→ **What you need to do**
Would you output the entries below only from the line containing "This screenshot has height=1268, width=952." through the line containing "924x1307 pixels.", exactly as they stand and with both ends included?

→ **Available data**

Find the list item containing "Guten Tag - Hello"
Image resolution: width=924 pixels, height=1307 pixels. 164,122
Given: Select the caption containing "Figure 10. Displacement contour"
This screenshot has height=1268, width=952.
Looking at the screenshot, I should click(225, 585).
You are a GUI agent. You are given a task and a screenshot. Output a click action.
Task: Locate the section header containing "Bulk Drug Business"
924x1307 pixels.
==
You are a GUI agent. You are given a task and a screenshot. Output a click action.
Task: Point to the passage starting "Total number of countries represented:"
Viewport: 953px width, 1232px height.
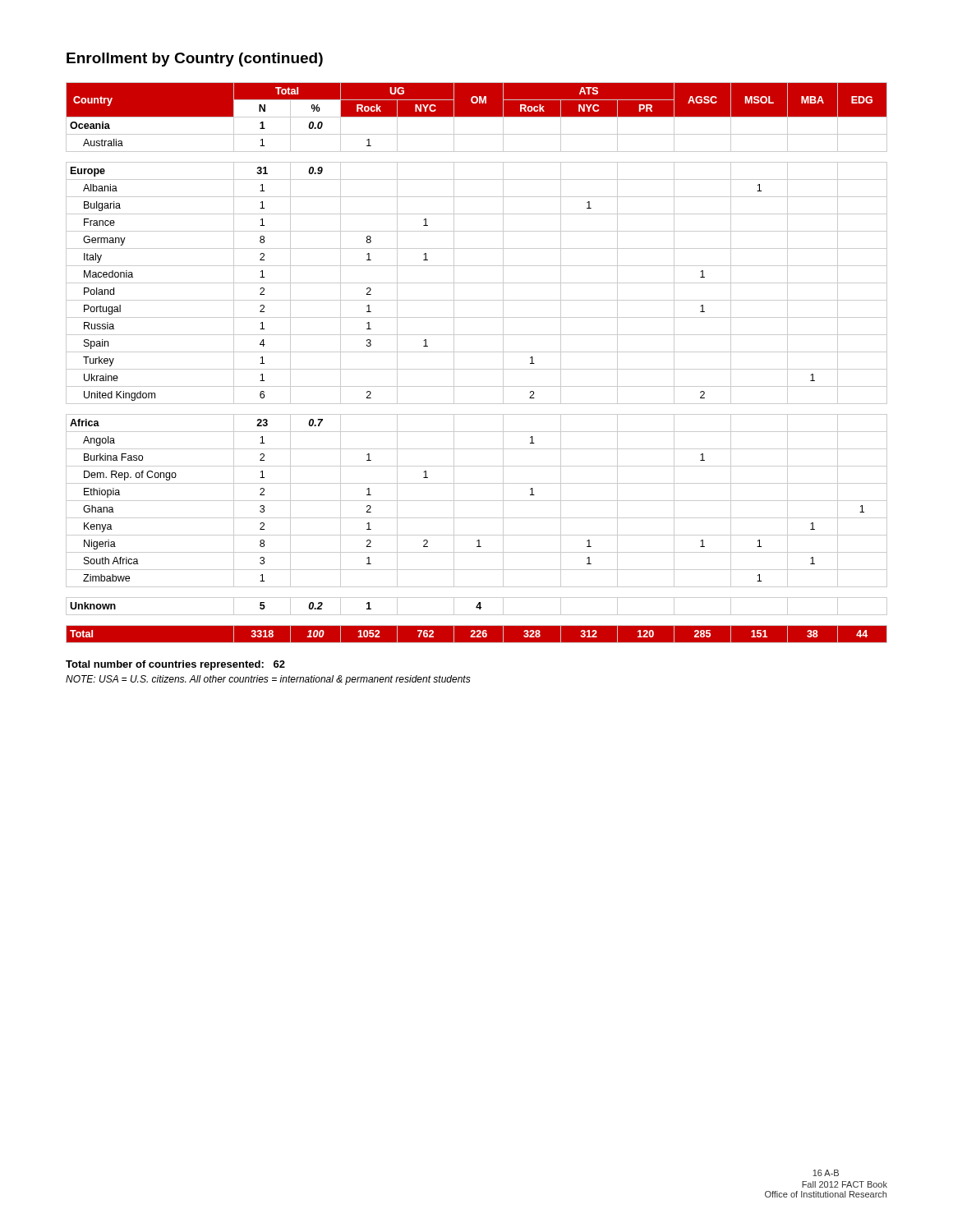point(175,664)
* * *
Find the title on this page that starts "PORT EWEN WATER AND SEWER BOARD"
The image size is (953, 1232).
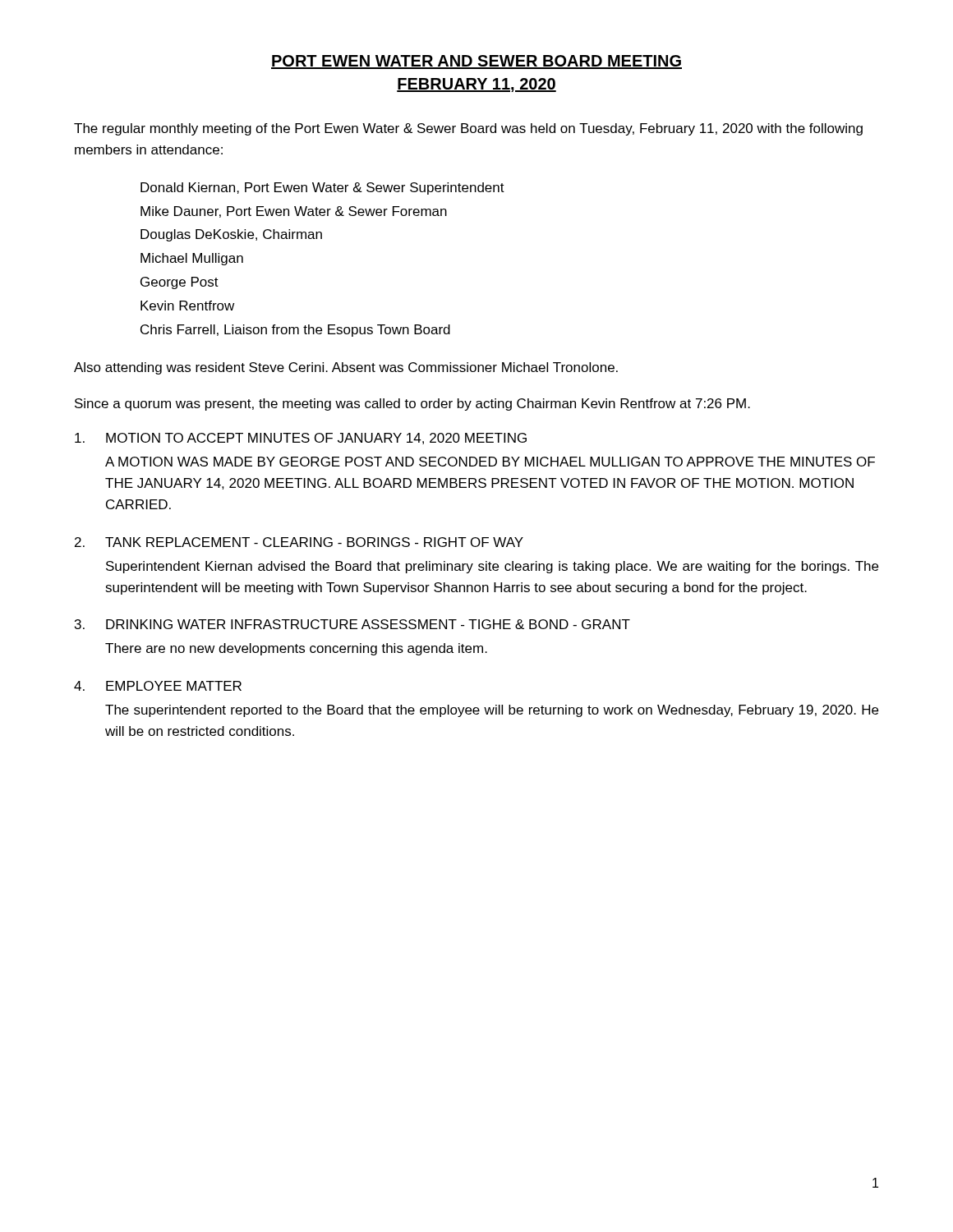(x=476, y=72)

→ **Task result**
This screenshot has height=1268, width=952.
Looking at the screenshot, I should click(225, 585).
You are a GUI agent. You are given a task and a screenshot. Output a click action.
Task: Locate the section header containing "Bulk Drug Business"
924x1307 pixels.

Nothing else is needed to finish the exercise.